Il a déclaré qu’il serait contre-productif d’envoyer la police dans les yeshivot « haredim-hesder » pour arrêter des étudiants pour non-enrôlement, car cela dissuaderait les hommes haredim de servir un jour : « Nous avons constaté une réaction massive de la part de la communauté ultra-orthodoxe. Les jeunes hommes haredim veulent s’enrôler. Mais lorsque des arrestations ont lieu dans des lieux d’étude de la Torah, l’effet est inverse », a-t-il affirmé, alors qu’aucune opération d’arrestation de ce type n’a été signalée. On ignore également ce qu’il entendait exactement par « yeshivot haredim-hesder ».

« Si je vous disais que dans un pays d’Europe, la police pénétrait dans des yeshivot, emmenait des jeunes hommes étudiant la Torah et les mettait en prison, vous seriez choqués », a-t-il ajouté.

Le Premier ministre Benjamin Netanyahu (à gauche) et le chef d’état-major de l’armée israélienne, Gadi Eisenkot, s’adressant à la presse aux quartiers généraux de l’armée de la Kirya, à Tel Aviv, le 4 décembre 2018. (Crédit : Noam Revkin Fenton/Flash90)

Eisenkot : « Vous continuez à mentir sur Gaza et le Liban, et vous faites obstruction à l’enquête de l’État »

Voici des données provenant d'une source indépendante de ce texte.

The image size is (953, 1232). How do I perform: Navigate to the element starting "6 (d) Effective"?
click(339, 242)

Eisenkot a riposté en qualifiant Netanyahu de « Premier ministre qui nous a aveuglément conduits à un situation historiquement critique, qui œuvre jour et nuit à la division et à l’incitation à la haine, et qui consacre toute son énergie à encourager les réfractaires au service militaire ». Il a ajouté que le Premier ministre était « indigne de cette nation et certainement pas apte à donner des leçons de morale sur l’unité ».

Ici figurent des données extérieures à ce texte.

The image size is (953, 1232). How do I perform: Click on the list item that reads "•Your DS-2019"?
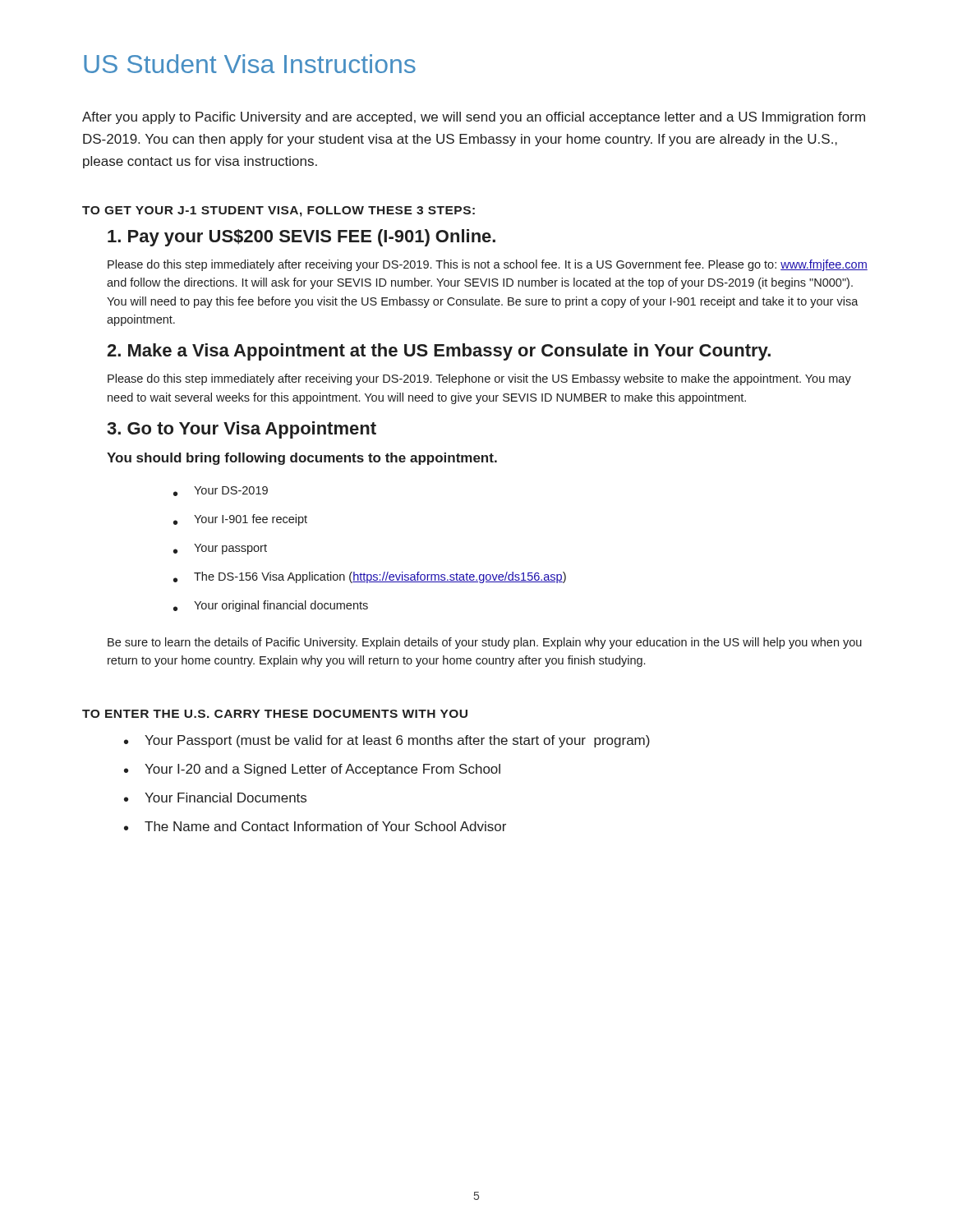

« Ce soir encore, vous avez continué à mentir au sujet de Gaza et du Liban – des faits qui auraient pu faire l’objet d’une enquête approfondie dans le cadre d’une commission d’enquête nationale dont vous avez également peur », a-t-il déclaré dans un message publié sur le réseau social X.

Netanyahu « occupait le poste de Premier ministre le matin du 7-Octobre et fuit ses responsabilités depuis lors », a ajouté Eisenkot, promettant : « Nous formerons un gouvernement à majorité sioniste qui défendra les intérêts d’Israël. Nous rassemblerons à nouveau le peuple d’Israël. Car Israël doit gagner. »

Un récent sondage réalisé par Zman Yisrael, la version en hébreu du Times of Israel, montre que le parti Yashar d’Eisenkot dépasse pour la première fois le Likud, le parti au pouvoir, et devient ainsi la première force politique à la Knesset.